Other factors, such as extra features, ease of installation, or
freely available source code, are more convincing reasons for
choosing a particular system.

1.  Introduction

Many research, development, and product groups that have traditionally
run on a UNIX workstation-based computing platform are now moving to a
PC-based platform. Organizations can afford to purchase many more PCs
than workstations on their equipment budgets. The x86 architecture's
low cost, good performance, and expandability give it economies of
scale that will reinforce, and be reinforced by, its popularity for at
least a few more years.

As part of this transition, these groups must decide whether to move to
a PC operating system such as Microsoft Windows, or whether to continue
running a UNIX-compatible operating system. For many groups, including
our own, dependence on the performance, features, and tools available
in the UNIX environment make it sensible to run an x86 implementation
of UNIX.

The next step is to choose between the available UNIX-compatible
operating systems. In particular, our group is interested in free
implementations of UNIX, because new ideas can be implemented without
a non-disclosure agreement and the results can be freely distributed.
We were concerned, though, by comments describing the free
implementations as toy systems, unsupported and with poor performance
and reliability. This argument has been used against Linux especially,
since its source is not derived from as respected an ancestor as BSD
UNIX 4.4. We decided to compare a few of the systems ourselves to
determine the validity of these comments. This paper presents our
results.

We benchmarked Linux, FreeBSD, and Solaris.  Linux and FreeBSD are the
most popular free implementations of UNIX that run on our hardware.
Solaris is the least expensive commercial implementation known to
support the hardware on our system. (Several other popular systems,
such as NetBSD and BSDI's BSD/OS, do not currently support our SCSI
controller.) We evaluated only the most recent major releases of the
systems currently available, since these are the most relevant and
accessible versions for most people.

Our benchmarks are by no means exhaustive; we only measure the
performance of tasks and workloads that are important to us. The
benchmarks test system call latency; context switch latency for varying
numbers of processes; memory bandwidth; file system performance;
network bandwidth for pipes, UDP and TCP; and NFS performance on a file
system workload.

Our results show that:

	Linux has the best performance on file metadata operations
because it updates metadata asynchronously;

	FreeBSD has the best network performance;

	Solaris' performance generally lies between that of the other
two systems; and

	All three systems' library routines for setting and copying
memory fail to deliver the full underlying Pentium memory bandwidth.
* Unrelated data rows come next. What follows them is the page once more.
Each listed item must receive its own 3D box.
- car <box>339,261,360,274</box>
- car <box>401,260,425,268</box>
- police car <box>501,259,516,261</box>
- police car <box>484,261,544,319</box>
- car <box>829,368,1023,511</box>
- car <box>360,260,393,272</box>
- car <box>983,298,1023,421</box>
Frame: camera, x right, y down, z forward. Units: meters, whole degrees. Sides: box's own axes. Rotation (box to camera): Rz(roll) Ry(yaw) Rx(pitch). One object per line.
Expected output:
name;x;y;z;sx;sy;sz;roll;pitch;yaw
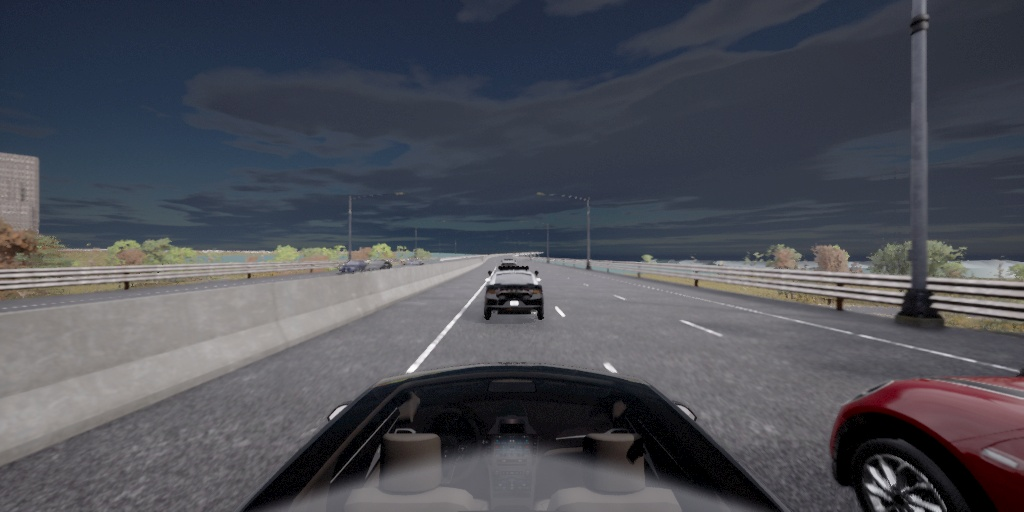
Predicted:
car;-18.061;1.265;41.596;2.033;1.411;5.357;0;0;-1
car;-11.035;1.210;40.362;2.128;1.511;4.902;0;0;-1
police car;-0.424;1.136;43.954;1.930;1.638;5.238;0;0;-1
police car;0.052;1.168;13.014;1.930;1.638;5.238;0;0;0
car;3.589;1.103;0.963;2.097;1.767;4.553;0;0;0
car;-14.511;1.225;39.342;1.837;1.490;4.892;0;0;-1
car;7.093;1.274;2.373;1.812;1.442;4.674;0;0;0
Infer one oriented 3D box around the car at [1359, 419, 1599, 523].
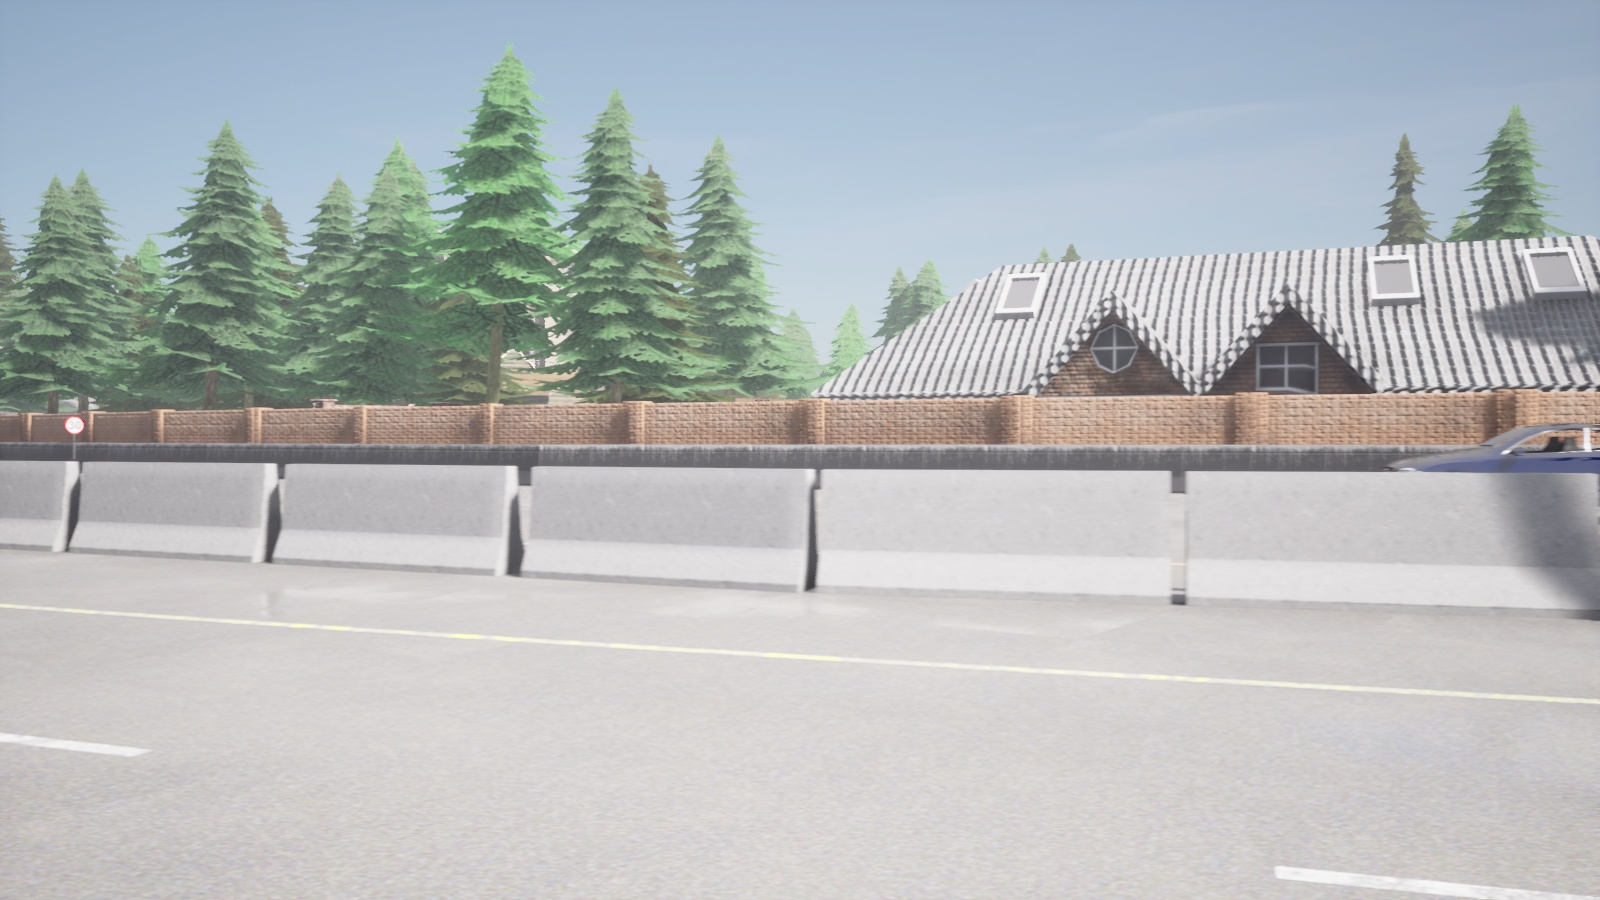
[{"bbox_3d":[12.370,0.319,21.274,5.027,1.651,2.152,0,1,16],"label":"car"}]
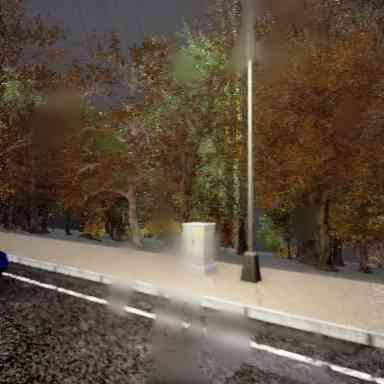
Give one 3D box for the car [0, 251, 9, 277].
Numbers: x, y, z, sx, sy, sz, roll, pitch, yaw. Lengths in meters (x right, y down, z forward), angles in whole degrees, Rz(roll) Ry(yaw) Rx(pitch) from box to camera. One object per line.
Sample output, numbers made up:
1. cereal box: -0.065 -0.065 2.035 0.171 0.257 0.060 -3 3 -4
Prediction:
1. car: -6.713 1.640 8.461 4.718 1.301 1.895 0 0 36
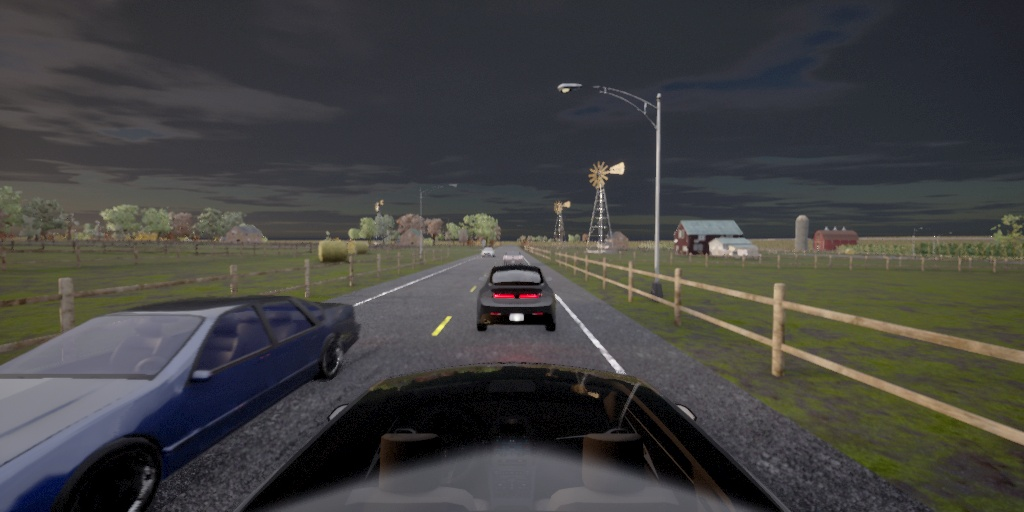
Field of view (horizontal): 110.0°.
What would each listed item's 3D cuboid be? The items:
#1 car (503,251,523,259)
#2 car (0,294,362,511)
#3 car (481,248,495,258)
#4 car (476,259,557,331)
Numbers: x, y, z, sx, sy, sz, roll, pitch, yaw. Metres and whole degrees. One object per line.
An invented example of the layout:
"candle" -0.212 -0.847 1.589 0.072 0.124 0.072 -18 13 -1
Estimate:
"car" 0.093 0.164 36.187 1.895 1.301 4.718 0 2 0
"car" -3.600 1.215 4.095 2.033 1.411 5.357 0 2 0
"car" -3.528 -0.510 53.654 1.812 1.442 4.674 0 2 0
"car" 0.099 0.972 9.844 1.837 1.490 4.892 0 1 0

Given these mixed performance results, we believe overall performance
is not a sufficient argument for choosing one of these operating
systems over the others. Performance on specific tasks may make the
difference for some users, but the systems are competitive overall,
and particular performance problems are likely to improve in future
releases of all three systems.

Other factors may be more important, including extra features,
licensing arrangements, ease of installation, and available support.
Solaris provides more sophisticated features, including multiprocessor
support, than the current free versions of UNIX, and this will be
sufficient argument in its favor for many users.  The freely available
source code and free licensing of Linux and FreeBSD motivate others to
choose one of these systems. Ease of installation and the level of
available support are also important, and we include a section in this
paper on our relative experiences installing and configuring the
systems on our hardware. A large user community and free access to
software and other resources over the Internet combine to provide
reasonable support for the free implementations.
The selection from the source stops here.